Al contemplar este panorama, S. R. Hadden se sintió consternado
considerando que esos ilustres personajes hubieran estado dispuestos a
conformarse con una porción tan ínfima de inmortalidad. Sus partes orgánicas —
el cerebro, el corazón, todo lo que los distinguía como personas— se había
atomizado en la cremación. Después de la cremación, no queda nada de uno,
apenas huesos pulverizados, material harto insuficiente como para que una
civilización avanzada pueda reconstruirnos a partir de nuestros restos. Y por si
fuera poco, el ataúd se situaba en el cinturón de Van Allen, donde hasta las
cenizas resultan lentamente calcinadas.
Cuánto mejor sería —reflexionó— si se pudieran conservar algunas células
nuestras vivas, con el ADN intacto. Deseaba que hubiera alguna empresa que
contra el pago de un abultado arancel, congelara una porción de nuestro tejido
epitelial y lo lanzara a una órbita alta, muy por encima del anillo de Van Allen,
quizá más arriba incluso que la órbita geosincrónica.

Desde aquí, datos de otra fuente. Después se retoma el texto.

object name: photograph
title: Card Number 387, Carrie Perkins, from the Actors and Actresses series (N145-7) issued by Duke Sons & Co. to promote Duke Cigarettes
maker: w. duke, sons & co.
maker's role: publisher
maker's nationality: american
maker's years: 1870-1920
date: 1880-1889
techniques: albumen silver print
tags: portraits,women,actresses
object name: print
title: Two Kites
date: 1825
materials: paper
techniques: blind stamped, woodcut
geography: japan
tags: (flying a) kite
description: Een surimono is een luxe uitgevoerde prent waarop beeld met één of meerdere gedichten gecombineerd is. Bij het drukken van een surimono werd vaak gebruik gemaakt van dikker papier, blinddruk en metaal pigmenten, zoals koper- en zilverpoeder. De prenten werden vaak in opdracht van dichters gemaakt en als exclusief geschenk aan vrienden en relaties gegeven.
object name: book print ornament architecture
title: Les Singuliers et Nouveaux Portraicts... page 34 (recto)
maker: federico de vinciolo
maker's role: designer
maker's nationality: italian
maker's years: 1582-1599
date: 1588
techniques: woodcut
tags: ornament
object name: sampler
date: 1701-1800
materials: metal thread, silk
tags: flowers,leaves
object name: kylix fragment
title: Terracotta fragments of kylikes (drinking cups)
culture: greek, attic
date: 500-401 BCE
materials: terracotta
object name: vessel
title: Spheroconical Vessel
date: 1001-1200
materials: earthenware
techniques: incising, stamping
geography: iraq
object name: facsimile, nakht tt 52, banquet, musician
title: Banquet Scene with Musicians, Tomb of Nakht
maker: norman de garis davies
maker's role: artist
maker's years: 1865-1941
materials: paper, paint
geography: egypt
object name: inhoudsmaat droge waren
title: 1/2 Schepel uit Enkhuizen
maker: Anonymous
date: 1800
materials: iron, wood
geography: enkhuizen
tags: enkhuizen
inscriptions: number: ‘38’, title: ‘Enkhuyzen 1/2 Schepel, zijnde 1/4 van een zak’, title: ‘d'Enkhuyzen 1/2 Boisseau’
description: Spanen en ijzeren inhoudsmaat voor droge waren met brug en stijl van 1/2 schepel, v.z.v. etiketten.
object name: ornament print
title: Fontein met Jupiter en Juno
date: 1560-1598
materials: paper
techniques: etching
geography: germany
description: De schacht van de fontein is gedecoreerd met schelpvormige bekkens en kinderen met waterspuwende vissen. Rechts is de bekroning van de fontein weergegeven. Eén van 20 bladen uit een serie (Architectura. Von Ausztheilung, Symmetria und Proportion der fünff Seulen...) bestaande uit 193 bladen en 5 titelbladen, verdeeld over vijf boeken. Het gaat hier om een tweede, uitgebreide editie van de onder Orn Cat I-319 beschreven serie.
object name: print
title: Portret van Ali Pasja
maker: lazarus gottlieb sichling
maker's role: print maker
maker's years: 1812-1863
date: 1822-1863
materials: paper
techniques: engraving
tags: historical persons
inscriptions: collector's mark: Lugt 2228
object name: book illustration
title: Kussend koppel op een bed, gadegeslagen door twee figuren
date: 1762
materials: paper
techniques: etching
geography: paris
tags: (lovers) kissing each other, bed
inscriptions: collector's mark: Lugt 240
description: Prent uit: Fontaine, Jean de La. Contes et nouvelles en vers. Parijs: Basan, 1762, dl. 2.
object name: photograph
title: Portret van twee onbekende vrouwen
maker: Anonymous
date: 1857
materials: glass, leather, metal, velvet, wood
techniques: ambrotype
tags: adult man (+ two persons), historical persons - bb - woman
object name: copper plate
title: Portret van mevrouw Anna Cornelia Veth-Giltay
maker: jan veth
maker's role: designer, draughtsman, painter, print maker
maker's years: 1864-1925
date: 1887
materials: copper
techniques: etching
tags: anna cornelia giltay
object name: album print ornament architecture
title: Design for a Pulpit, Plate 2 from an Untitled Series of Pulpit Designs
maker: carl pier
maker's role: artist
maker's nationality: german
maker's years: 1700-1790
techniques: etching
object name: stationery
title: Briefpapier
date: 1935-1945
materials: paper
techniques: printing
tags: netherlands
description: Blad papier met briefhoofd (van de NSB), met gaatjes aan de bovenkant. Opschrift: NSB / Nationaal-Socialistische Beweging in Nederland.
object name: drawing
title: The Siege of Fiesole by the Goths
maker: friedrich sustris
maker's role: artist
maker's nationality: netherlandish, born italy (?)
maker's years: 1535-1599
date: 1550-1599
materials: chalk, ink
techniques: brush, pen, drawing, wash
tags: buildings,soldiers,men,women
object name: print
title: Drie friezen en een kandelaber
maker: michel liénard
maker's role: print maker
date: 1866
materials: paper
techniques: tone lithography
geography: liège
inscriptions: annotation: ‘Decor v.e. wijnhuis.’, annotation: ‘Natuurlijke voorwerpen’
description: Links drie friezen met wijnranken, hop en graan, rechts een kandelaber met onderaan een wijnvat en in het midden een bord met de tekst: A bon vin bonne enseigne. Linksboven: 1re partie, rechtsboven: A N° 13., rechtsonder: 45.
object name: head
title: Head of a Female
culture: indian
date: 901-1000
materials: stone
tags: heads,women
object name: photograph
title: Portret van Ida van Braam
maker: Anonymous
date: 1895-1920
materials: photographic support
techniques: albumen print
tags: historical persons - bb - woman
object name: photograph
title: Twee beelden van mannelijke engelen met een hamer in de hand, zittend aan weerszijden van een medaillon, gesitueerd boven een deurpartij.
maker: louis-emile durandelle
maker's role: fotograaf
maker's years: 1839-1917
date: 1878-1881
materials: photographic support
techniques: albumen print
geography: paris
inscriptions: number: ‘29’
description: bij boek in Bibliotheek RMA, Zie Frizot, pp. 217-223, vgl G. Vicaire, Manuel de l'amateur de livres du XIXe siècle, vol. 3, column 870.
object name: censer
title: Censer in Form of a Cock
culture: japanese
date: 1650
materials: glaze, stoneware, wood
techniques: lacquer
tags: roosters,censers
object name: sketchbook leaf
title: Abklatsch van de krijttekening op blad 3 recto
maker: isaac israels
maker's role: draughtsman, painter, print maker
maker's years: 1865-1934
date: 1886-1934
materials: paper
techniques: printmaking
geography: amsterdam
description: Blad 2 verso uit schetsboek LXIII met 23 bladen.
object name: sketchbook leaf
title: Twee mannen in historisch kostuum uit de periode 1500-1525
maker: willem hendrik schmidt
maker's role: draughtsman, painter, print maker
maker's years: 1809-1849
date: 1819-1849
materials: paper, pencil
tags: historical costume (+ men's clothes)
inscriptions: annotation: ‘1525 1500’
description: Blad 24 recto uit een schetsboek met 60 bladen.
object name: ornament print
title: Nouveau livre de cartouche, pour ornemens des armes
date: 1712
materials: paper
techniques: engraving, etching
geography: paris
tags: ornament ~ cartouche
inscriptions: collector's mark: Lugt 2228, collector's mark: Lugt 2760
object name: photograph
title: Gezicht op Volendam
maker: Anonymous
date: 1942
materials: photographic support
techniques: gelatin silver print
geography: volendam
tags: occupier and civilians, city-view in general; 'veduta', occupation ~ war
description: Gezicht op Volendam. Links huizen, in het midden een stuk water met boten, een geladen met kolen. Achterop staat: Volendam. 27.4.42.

Así por lo menos algún
biólogo molecular de otro planeta —o su similar terrestre del lejano futuro—
podría reconstruirnos más o menos desde el comienzo. Nos restregaríamos los
ojos, estiraríamos los brazos y nos despertaríamos en el año diez millones. O
bien, si nadie tocara nuestros restos, seguirían habiendo en existencia múltiples
copias de nuestro código genético, o sea que estaríamos vivos en principio. En
cualquiera de ambos casos podría asegurarse que viviríamos eternamente.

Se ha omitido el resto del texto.